I was able to extract a template with a single row of data containing only one variable by a script like:

  • template file: tmpl_single.tmpl
{
  "var1": "${VARIABLE_1}",
  "var2": "${VARIABLE_2}",
  "var3": "${VARIABLE_3}"
}
  • shell script file: generate.sh
#!/bin/bash
DIR_BASE="$(cd "$(dirname "$0")" && pwd)"
render_2_file() {
  template_file=$1
  out_file=$2
  set +u
  for env in $(sed -n 's/^[^#].*${\(.*\)}.*/\1/p' $template_file); do
    # debug
    echo "$env : $(eval echo \$${env})"
    if [ -z "$(eval echo \$${env})" ]; then
      echo "environment variable '${env}' not set"
      missing=true
    fi
  done
  if [ "${missing}" ]; then
    echo 'Please check the above variable'
    exit 1
  fi
  eval "cat << EOF
$(cat ${template_file})
EOF" >"$out_file"
  set -u
}
main(){
    # debug generate 
    # VARIABLE_1=var1_val
    # VARIABLE_2=var1_val
    # VARIABLE_3=var1_val

    # single var in one line 
    TMPL_PATH=$DIR_BASE/tmpl_single.tmpl
    OUT_FILE=$DIR_BASE/tmpl_single.json
    # multi var in one line 
    # TMPL_PATH=$DIR_BASE/tmpl_multi.tmpl
    # OUT_FILE=$DIR_BASE/tmpl_multi.json
    echo "check path = $OUT_FILE"
    if [ ! -f "$OUT_FILE" ]; then
        echo "not found, generating"
        render_2_file "$TMPL_PATH" "$OUT_FILE"
        if [ $? = 0 ]; then
            echo "generate successfully"
        fi
    else
        echo "out file existed, no need to generate"
    fi
}
main "$@"

The output result is as follows, it can detect the case of one variable in a single line, at this time, the output is wrong and the target file is not generated

stdout:
not found, generating
VARIABLE_1 : 
environment variable 'VARIABLE_1' not set
VARIABLE_2 : 
environment variable 'VARIABLE_2' not set
VARIABLE_3 : 
environment variable 'VARIABLE_3' not set
Please check the above variable

However, if a single line in the template file contains multiple variables, only the last variable in the line can be extracted.

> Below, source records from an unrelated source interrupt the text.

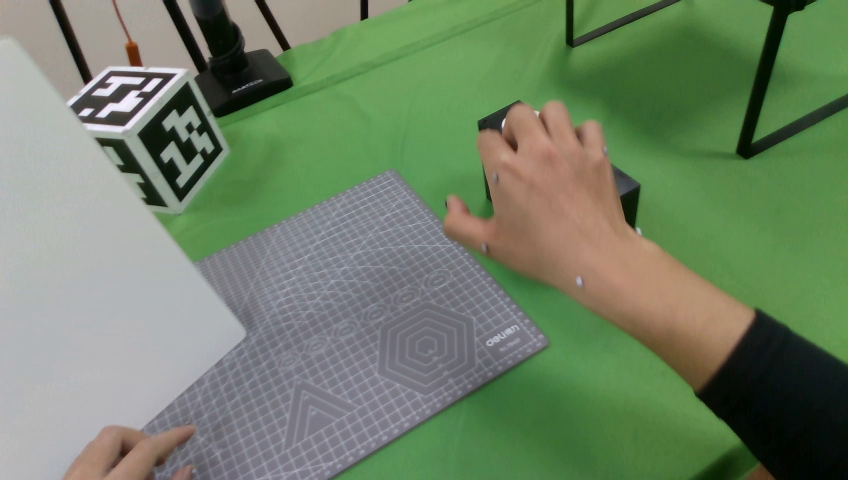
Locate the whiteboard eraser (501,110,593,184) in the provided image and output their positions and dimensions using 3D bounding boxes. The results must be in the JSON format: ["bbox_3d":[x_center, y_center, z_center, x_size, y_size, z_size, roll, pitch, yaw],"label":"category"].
[{"bbox_3d":[0.105,-0.084,0.527,0.041,0.019,0.100,-27,49,-17],"label":"whiteboard eraser"}]

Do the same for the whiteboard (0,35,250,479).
[{"bbox_3d":[-0.336,0.031,0.494,0.142,0.308,0.217,13,49,48],"label":"whiteboard"}]
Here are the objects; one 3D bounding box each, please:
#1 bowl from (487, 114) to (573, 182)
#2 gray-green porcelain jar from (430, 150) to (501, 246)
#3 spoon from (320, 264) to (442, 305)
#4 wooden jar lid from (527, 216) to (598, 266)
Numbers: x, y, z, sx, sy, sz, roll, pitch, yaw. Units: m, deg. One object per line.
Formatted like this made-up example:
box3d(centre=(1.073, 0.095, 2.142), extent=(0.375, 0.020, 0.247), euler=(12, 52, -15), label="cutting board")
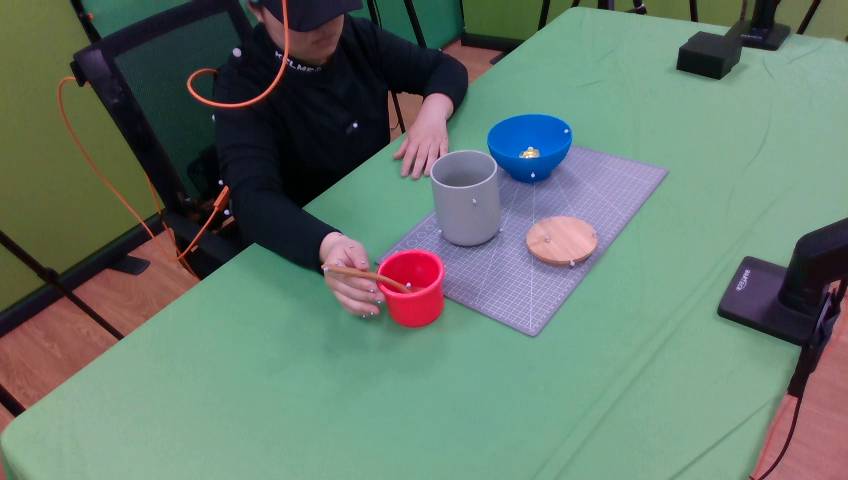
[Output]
box3d(centre=(0.190, -0.156, 1.085), extent=(0.151, 0.077, 0.150), euler=(-5, 40, 5), label="bowl")
box3d(centre=(0.069, -0.062, 0.959), extent=(0.106, 0.127, 0.105), euler=(-5, 40, 5), label="gray-green porcelain jar")
box3d(centre=(-0.055, 0.058, 0.831), extent=(0.195, 0.021, 0.041), euler=(22, 20, -34), label="spoon")
box3d(centre=(0.215, 0.003, 0.937), extent=(0.108, 0.021, 0.108), euler=(-4, 40, 4), label="wooden jar lid")
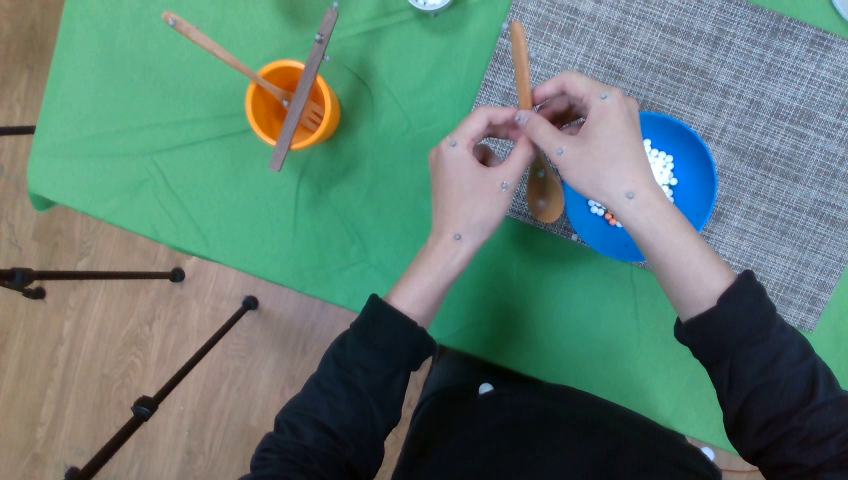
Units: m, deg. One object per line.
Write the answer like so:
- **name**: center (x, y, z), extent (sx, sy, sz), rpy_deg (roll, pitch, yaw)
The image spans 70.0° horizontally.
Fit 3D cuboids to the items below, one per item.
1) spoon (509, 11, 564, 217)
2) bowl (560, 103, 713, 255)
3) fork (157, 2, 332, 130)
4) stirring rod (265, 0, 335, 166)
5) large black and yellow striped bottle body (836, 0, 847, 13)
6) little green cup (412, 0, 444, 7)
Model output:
- **spoon**: center (0.095, -0.102, 0.532), extent (0.041, 0.021, 0.196), rpy_deg (13, 138, 35)
- **bowl**: center (0.215, -0.064, 0.640), extent (0.151, 0.076, 0.151), rpy_deg (1, 99, 5)
- **fork**: center (-0.177, -0.174, 0.623), extent (0.028, 0.018, 0.209), rpy_deg (-47, 136, 12)
- **stirring rod**: center (-0.127, -0.158, 0.619), extent (0.014, 0.006, 0.176), rpy_deg (23, 100, -1)
- **large black and yellow striped bottle body**: center (0.469, -0.274, 0.535), extent (0.130, 0.183, 0.131), rpy_deg (1, 99, 5)
- **little green cup**: center (0.003, -0.281, 0.646), extent (0.061, 0.038, 0.061), rpy_deg (1, 99, 6)
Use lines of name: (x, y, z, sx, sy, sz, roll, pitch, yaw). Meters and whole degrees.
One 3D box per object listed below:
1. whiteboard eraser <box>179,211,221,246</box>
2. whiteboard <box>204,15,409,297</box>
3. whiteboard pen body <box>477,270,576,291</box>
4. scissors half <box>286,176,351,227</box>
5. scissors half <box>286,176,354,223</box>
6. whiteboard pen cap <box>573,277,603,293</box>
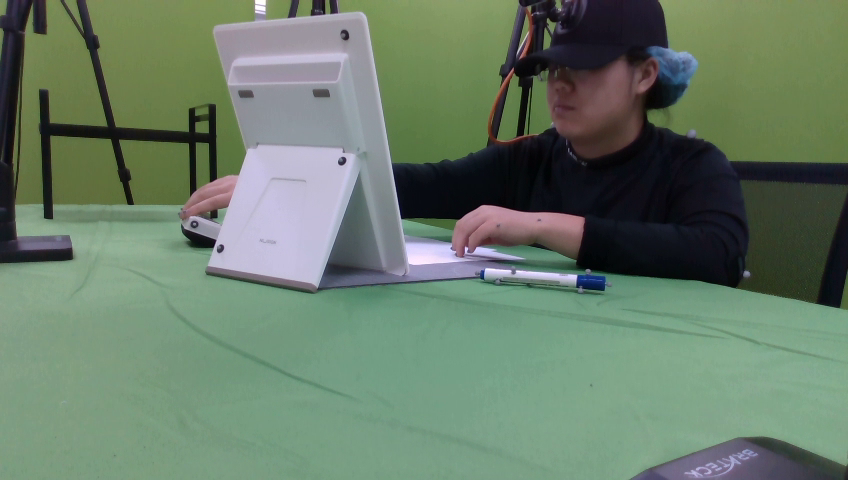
whiteboard eraser: (-0.341, -0.017, 0.925, 0.056, 0.042, 0.112, 26, -6, -26)
whiteboard: (-0.166, -0.072, 0.669, 0.216, 0.305, 0.144, 8, 30, 30)
whiteboard pen body: (0.131, 0.048, 0.706, 0.140, 0.017, 0.017, 4, 7, 18)
scissors half: (-0.232, -0.085, 1.318, 0.175, 0.013, 0.040, 39, 23, 4)
scissors half: (-0.229, -0.091, 1.337, 0.175, 0.013, 0.040, 33, 18, -13)
whiteboard pen cap: (0.186, 0.051, 0.687, 0.033, 0.018, 0.018, 4, 8, 17)
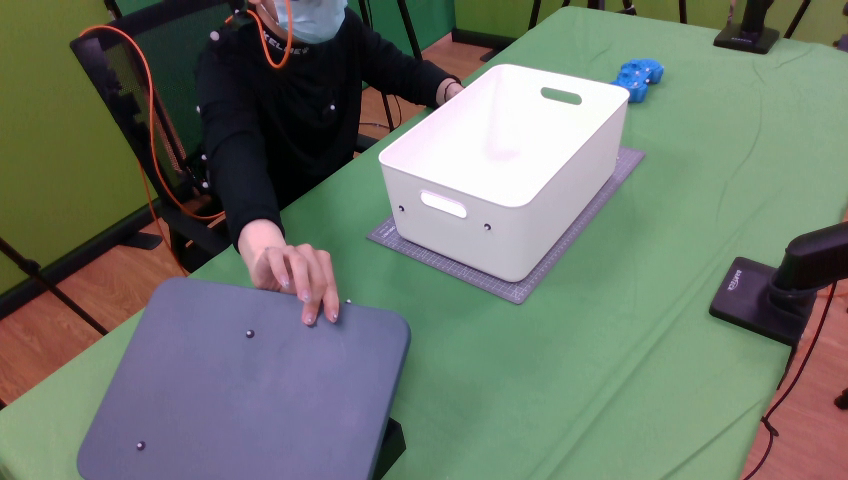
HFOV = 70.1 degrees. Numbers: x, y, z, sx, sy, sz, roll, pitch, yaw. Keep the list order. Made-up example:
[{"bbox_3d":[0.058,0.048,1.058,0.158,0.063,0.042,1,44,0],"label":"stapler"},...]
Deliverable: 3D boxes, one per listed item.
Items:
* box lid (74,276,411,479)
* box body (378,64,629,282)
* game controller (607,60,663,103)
[{"bbox_3d":[-0.209,0.181,0.694,0.369,0.015,0.262,6,64,20],"label":"box lid"},{"bbox_3d":[0.137,-0.121,0.978,0.252,0.161,0.365,22,48,30],"label":"box body"},{"bbox_3d":[0.442,-0.345,1.288,0.096,0.052,0.155,25,50,27],"label":"game controller"}]
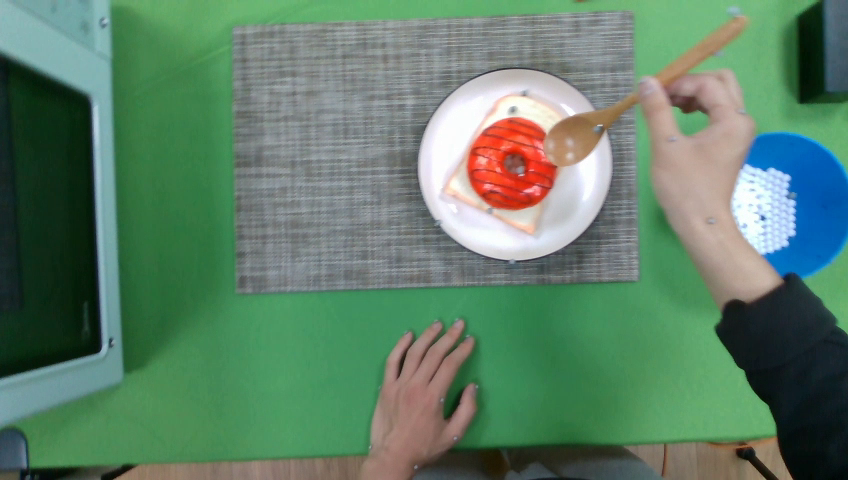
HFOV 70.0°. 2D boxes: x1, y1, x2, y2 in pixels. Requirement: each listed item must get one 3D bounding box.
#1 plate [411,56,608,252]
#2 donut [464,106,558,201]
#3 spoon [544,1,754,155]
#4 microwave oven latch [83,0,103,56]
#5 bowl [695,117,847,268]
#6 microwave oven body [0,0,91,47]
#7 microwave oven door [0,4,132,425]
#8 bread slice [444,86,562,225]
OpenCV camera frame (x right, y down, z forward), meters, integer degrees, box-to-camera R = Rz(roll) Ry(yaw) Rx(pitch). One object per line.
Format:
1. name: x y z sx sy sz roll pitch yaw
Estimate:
1. plate: 0.091 -0.091 0.658 0.207 0.039 0.207 0 90 2
2. donut: 0.090 -0.089 0.630 0.099 0.048 0.099 0 89 3
3. spoon: 0.171 -0.124 0.487 0.021 0.193 0.041 -34 91 -40
4. microwave oven latch: -0.371 -0.242 0.660 0.030 0.029 0.079 -4 90 1
5. bowl: 0.349 -0.045 0.632 0.151 0.077 0.151 0 89 2
6. microwave oven body: -0.509 -0.056 0.567 0.326 0.260 0.441 -4 90 1
7. microwave oven door: -0.360 -0.026 0.557 0.039 0.244 0.355 -5 89 3
8. bread slice: 0.094 -0.098 0.660 0.107 0.018 0.134 22 92 2

  • template file: tmpl_multi.tmpl
{
  "var12": "test1_${VARIABLE_1}:test2_${VARIABLE_2}",
  "var3": "test3_${VARIABLE_3}"
}
  • stdout:
not found, generating
VARIABLE_2 : 
environment variable 'VARIABLE_2' not set
VARIABLE_3 : 
environment variable 'VARIABLE_3' not set
Please check the above variable

It can be seen from the above output that variable VARIABLE_1 is not extracted.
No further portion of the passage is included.